▶ _YOUR INSTRUCTIONS_
Write every record out again exactly, and keep images out of it.

▶ _EXCERPTED DATA_
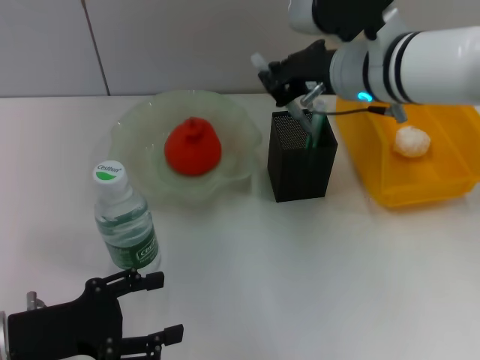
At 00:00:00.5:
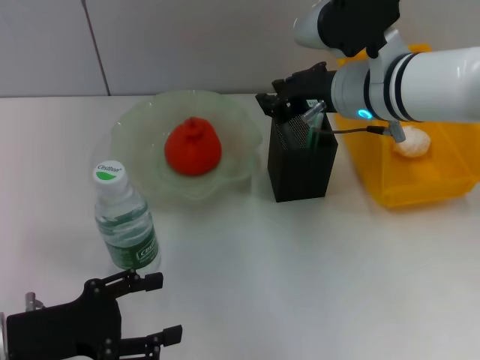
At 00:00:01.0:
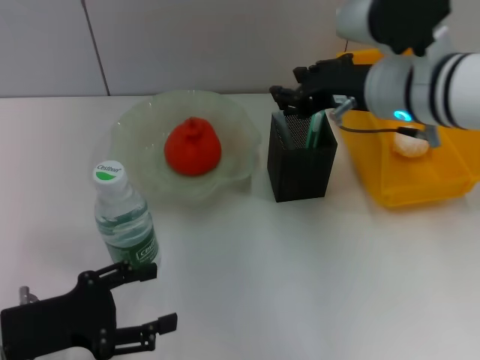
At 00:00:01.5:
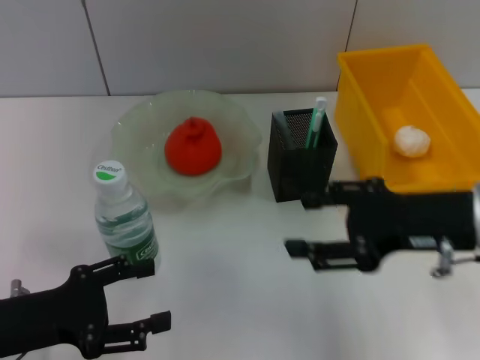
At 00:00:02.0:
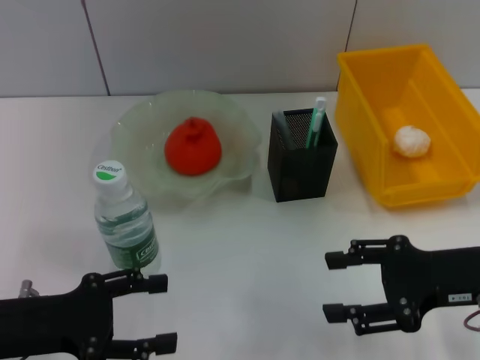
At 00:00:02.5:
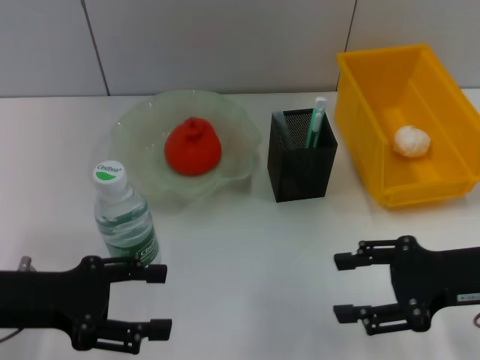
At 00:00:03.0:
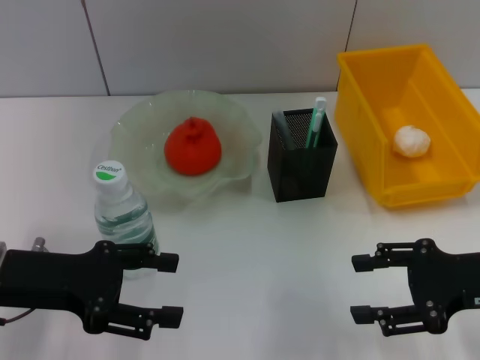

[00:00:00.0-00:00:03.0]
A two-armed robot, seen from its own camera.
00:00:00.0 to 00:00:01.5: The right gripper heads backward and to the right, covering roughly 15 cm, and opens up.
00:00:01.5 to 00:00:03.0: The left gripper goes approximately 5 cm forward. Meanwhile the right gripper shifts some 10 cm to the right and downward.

▶ _THE ANSWER_
At 00:00:00.5:
At 00:00:01.0:
At 00:00:01.5:
At 00:00:02.0:
At 00:00:02.5:
At 00:00:03.0:

[00:00:00.0-00:00:03.0]
A two-armed robot, seen from its own camera.
00:00:00.0 to 00:00:01.5: The right gripper heads backward and to the right, covering roughly 15 cm, and opens up.
00:00:01.5 to 00:00:03.0: The left gripper goes approximately 5 cm forward. Meanwhile the right gripper shifts some 10 cm to the right and downward.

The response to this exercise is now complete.